Converting a 3D Line Equation: Help Needed for Homework

[utkarshakash]

Homework Statement

I have been given a line in 3D space whose equation is x+y+2z-3=2x+3y+4z-4=0.
But what kind of equation is this? This is not a standard equation and I have never seen such an equation of line. It seems to me a plane instead of a line. Can anyone help me convert this into standard form?

 

[vanhees71]

You have two equations between the three coordinates, i.e., you have one independent parameter. You can take, e.g., $x$ as this independent parameter and solve for $y$ and $z$. Then you get a parameter representation of a curve
$$\vec{r}(x)=\begin{pmatrix} x \\ y(x) \\ z(x) \end{pmatrix}.$$
Because the system of equations is linear this curve is a straight line.

 

[ehild]

Homework Statement

I have been given a line in 3D space whose equation is x+y+2z-3=2x+3y+4z-4=0.
But what kind of equation is this? This is not a standard equation and I have never seen such an equation of line. It seems to me a plane instead of a line. Can anyone help me convert this into standard form?

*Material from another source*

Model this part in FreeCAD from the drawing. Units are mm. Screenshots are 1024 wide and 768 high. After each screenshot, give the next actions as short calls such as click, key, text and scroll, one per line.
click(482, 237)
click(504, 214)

x+y+2z-3=0 and 2x+3y+4z-4=0 are equations of two planes. All common points of both planes make the intersection of those planes, which is a straight line.

ehild

 

[HallsofIvy]

The question is what do you consider the "standard form" for a line? There are two forms usually used for lines in three dimensions:
The "symmetric form" Ax+ By+ Cz+ D= Ex+ Fy+ Gz+ H= Ix+ Jy+ Kz+ L which is the form you already have and, as ehild says, can be interpreted as defining the line as the intersection of two planes.

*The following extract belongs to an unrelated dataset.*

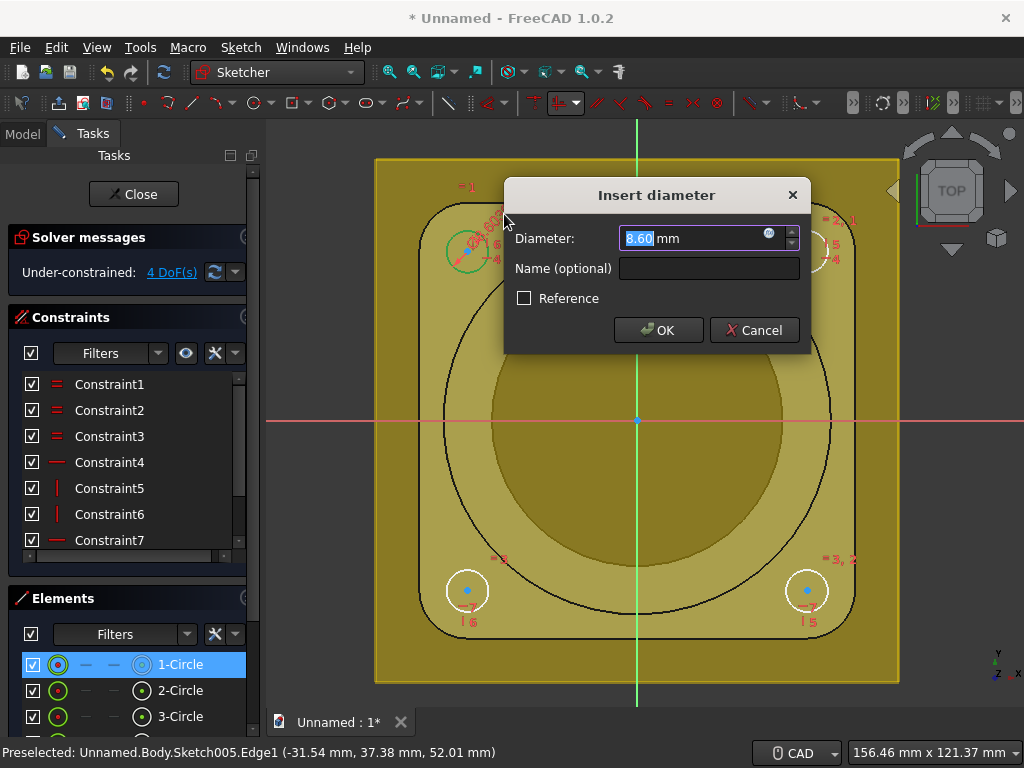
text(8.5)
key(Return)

The "parametric form" where x= f(t), y= g(t), z= h(t) for some parameter t. This can be interpreted as an object moving along a line with t giving the time.

 

[Ray Vickson]

Homework Statement

I have been given a line in 3D space whose equation is x+y+2z-3=2x+3y+4z-4=0.
But what kind of equation is this? This is not a standard equation and I have never seen such an equation of line. It seems to me a plane instead of a line. Can anyone help me convert this into standard form?

It looks like you are given a badly-written pair of linear equations, namely, x+y+2z-3 = 0 and 2x+3y+4z-4=0. As others have said, this describes two (non-parallel) planes in 3D, so taken together they describe a line. You can get a parametric form by solving for two of the variables in terms of the third; for example, solve for x and y in terms of z. Again, as others have said, I don't know what you regard as a "standard form".

 

[utkarshakash]

Thanks to all of you!

 

[utkarshakash]

When I assume x=t z can be expressed in terms of t but what about y? By solving I get y=-2. How should I express it in terms of t?

 

[HallsofIvy]

x+y+2z-3=2x+3y+4z-4=0.

Taking x= t, we then have t+ y+ 2z- 3= 0 and 2t+ 3y+ 4z- 4= 0 or
y+ 2z= 3- t and 3y+ 4z= 4- 2t.
Multiplying the first equation by 2, 2y+ 4z= 6- 2t. Subtracting that from the second equation,
y= (4- 2t)- (6- 2t)= -2 for all t. That is what you have. Excellent! That says that y is a contstant not depending on t. If you like, you can write it as y= -2+ 0t but just "y= -2" is correct.

 

[Ray Vickson]

When I assume x=t z can be expressed in terms of t but what about y? By solving I get y=-2. How should I express it in terms of t?

What is wrong with the simple parametric equation y = -2 + 0*t?